◆ Requirement: Collect all lines containing the word "degrees" from the data.

◆ Recorded information:
BEGIN
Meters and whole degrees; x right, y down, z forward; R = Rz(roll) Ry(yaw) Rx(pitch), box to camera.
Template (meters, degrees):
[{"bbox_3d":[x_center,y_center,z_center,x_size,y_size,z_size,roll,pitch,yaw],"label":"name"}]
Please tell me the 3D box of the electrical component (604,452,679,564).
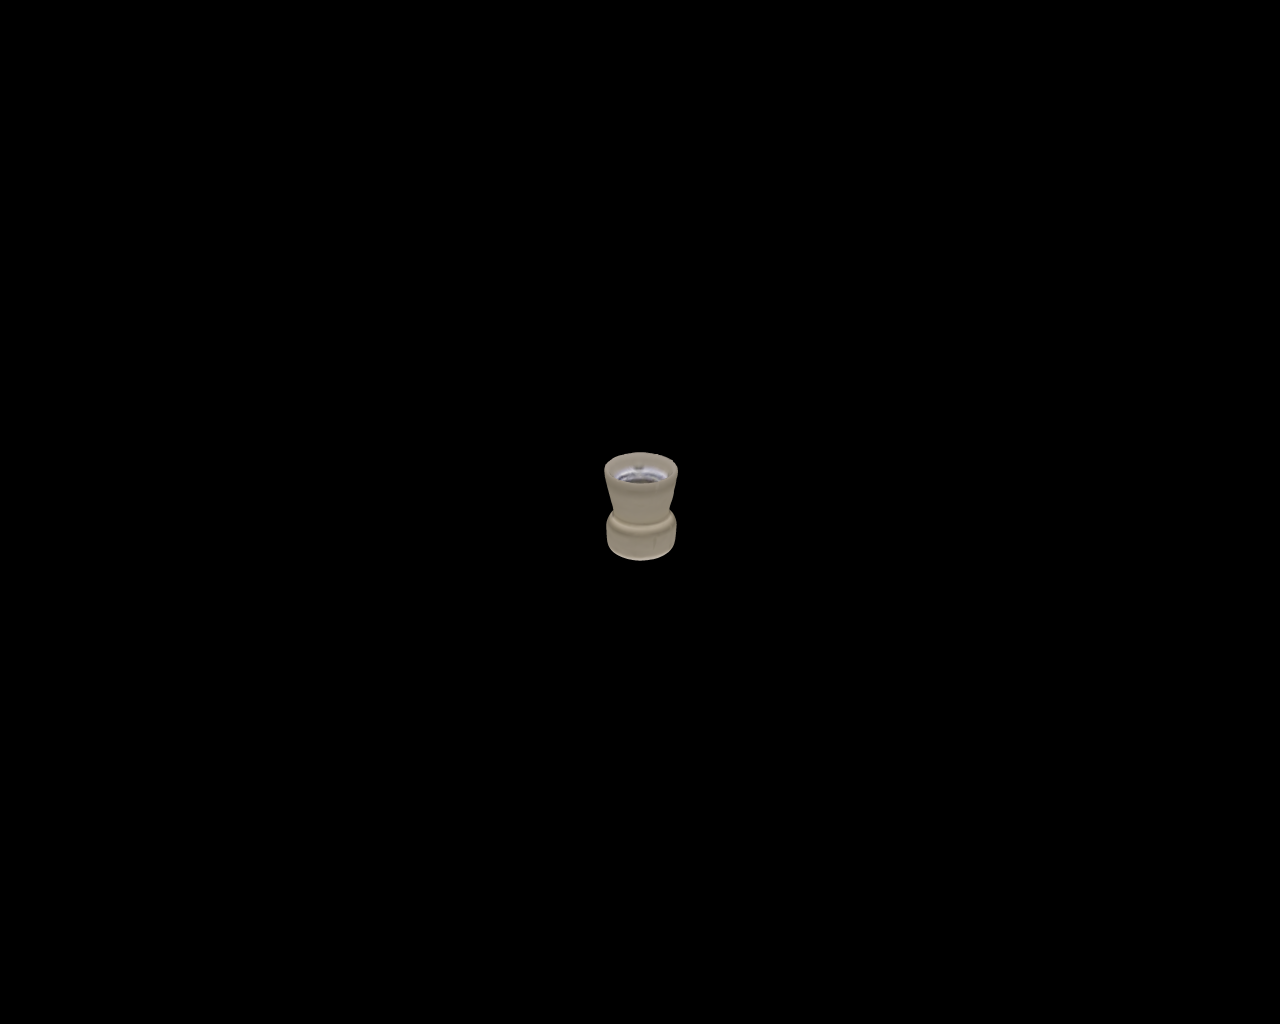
END
◆ Completed exercise:
Meters and whole degrees; x right, y down, z forward; R = Rz(roll) Ry(yaw) Rx(pitch), box to camera.
Template (meters, degrees):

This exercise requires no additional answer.